DATA EXTRACTS

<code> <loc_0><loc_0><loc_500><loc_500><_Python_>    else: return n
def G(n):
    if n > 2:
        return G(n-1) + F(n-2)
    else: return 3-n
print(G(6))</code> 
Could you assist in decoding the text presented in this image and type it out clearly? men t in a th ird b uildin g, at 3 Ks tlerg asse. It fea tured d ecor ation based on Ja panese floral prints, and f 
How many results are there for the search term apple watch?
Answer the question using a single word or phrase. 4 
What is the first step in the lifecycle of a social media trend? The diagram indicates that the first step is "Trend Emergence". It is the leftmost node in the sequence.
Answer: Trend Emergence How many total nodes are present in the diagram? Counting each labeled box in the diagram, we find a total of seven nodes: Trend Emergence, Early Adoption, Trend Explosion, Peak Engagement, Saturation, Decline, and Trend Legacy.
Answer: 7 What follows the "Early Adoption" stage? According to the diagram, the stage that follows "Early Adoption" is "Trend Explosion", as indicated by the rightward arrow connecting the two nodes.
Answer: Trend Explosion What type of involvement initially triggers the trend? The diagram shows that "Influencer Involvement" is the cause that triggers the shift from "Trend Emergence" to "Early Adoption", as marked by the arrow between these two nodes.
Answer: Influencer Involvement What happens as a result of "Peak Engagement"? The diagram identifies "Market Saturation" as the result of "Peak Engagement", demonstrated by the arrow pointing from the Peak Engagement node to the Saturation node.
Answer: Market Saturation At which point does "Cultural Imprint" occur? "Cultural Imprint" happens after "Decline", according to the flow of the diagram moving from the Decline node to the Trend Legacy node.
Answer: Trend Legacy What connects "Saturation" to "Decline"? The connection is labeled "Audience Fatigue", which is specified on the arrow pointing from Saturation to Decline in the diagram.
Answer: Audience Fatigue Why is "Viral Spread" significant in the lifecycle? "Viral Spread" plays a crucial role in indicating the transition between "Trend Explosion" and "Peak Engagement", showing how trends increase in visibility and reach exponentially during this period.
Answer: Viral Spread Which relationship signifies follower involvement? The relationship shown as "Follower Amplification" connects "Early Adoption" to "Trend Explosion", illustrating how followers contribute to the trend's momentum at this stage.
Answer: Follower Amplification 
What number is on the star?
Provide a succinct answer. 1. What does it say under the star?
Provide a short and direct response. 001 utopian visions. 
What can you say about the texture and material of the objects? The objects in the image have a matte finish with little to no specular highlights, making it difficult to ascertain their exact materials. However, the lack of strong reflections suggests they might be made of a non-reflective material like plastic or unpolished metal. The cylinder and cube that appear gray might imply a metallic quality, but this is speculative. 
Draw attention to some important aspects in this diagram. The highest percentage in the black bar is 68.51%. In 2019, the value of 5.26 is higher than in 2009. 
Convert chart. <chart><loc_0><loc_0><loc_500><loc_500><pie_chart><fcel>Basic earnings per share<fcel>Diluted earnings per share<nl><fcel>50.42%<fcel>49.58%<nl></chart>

WORK TO BE COMPLETED
Exactly as shown above, write out all the records.

SOLUTION TO THE PROBLEM
<code> <loc_0><loc_0><loc_500><loc_500><_Python_>    else: return n
def G(n):
    if n > 2:
        return G(n-1) + F(n-2)
    else: return 3-n
print(G(6))</code> 
Could you assist in decoding the text presented in this image and type it out clearly? men t in a th ird b uildin g, at 3 Ks tlerg asse. It fea tured d ecor ation based on Ja panese floral prints, and f 
How many results are there for the search term apple watch?
Answer the question using a single word or phrase. 4 
What is the first step in the lifecycle of a social media trend? The diagram indicates that the first step is "Trend Emergence". It is the leftmost node in the sequence.
Answer: Trend Emergence How many total nodes are present in the diagram? Counting each labeled box in the diagram, we find a total of seven nodes: Trend Emergence, Early Adoption, Trend Explosion, Peak Engagement, Saturation, Decline, and Trend Legacy.
Answer: 7 What follows the "Early Adoption" stage? According to the diagram, the stage that follows "Early Adoption" is "Trend Explosion", as indicated by the rightward arrow connecting the two nodes.
Answer: Trend Explosion What type of involvement initially triggers the trend? The diagram shows that "Influencer Involvement" is the cause that triggers the shift from "Trend Emergence" to "Early Adoption", as marked by the arrow between these two nodes.
Answer: Influencer Involvement What happens as a result of "Peak Engagement"? The diagram identifies "Market Saturation" as the result of "Peak Engagement", demonstrated by the arrow pointing from the Peak Engagement node to the Saturation node.
Answer: Market Saturation At which point does "Cultural Imprint" occur? "Cultural Imprint" happens after "Decline", according to the flow of the diagram moving from the Decline node to the Trend Legacy node.
Answer: Trend Legacy What connects "Saturation" to "Decline"? The connection is labeled "Audience Fatigue", which is specified on the arrow pointing from Saturation to Decline in the diagram.
Answer: Audience Fatigue Why is "Viral Spread" significant in the lifecycle? "Viral Spread" plays a crucial role in indicating the transition between "Trend Explosion" and "Peak Engagement", showing how trends increase in visibility and reach exponentially during this period.
Answer: Viral Spread Which relationship signifies follower involvement? The relationship shown as "Follower Amplification" connects "Early Adoption" to "Trend Explosion", illustrating how followers contribute to the trend's momentum at this stage.
Answer: Follower Amplification 
What number is on the star?
Provide a succinct answer. 1. What does it say under the star?
Provide a short and direct response. 001 utopian visions. 
What can you say about the texture and material of the objects? The objects in the image have a matte finish with little to no specular highlights, making it difficult to ascertain their exact materials. However, the lack of strong reflections suggests they might be made of a non-reflective material like plastic or unpolished metal. The cylinder and cube that appear gray might imply a metallic quality, but this is speculative. 
Draw attention to some important aspects in this diagram. The highest percentage in the black bar is 68.51%. In 2019, the value of 5.26 is higher than in 2009. 
Convert chart. <chart><loc_0><loc_0><loc_500><loc_500><pie_chart><fcel>Basic earnings per share<fcel>Diluted earnings per share<nl><fcel>50.42%<fcel>49.58%<nl></chart>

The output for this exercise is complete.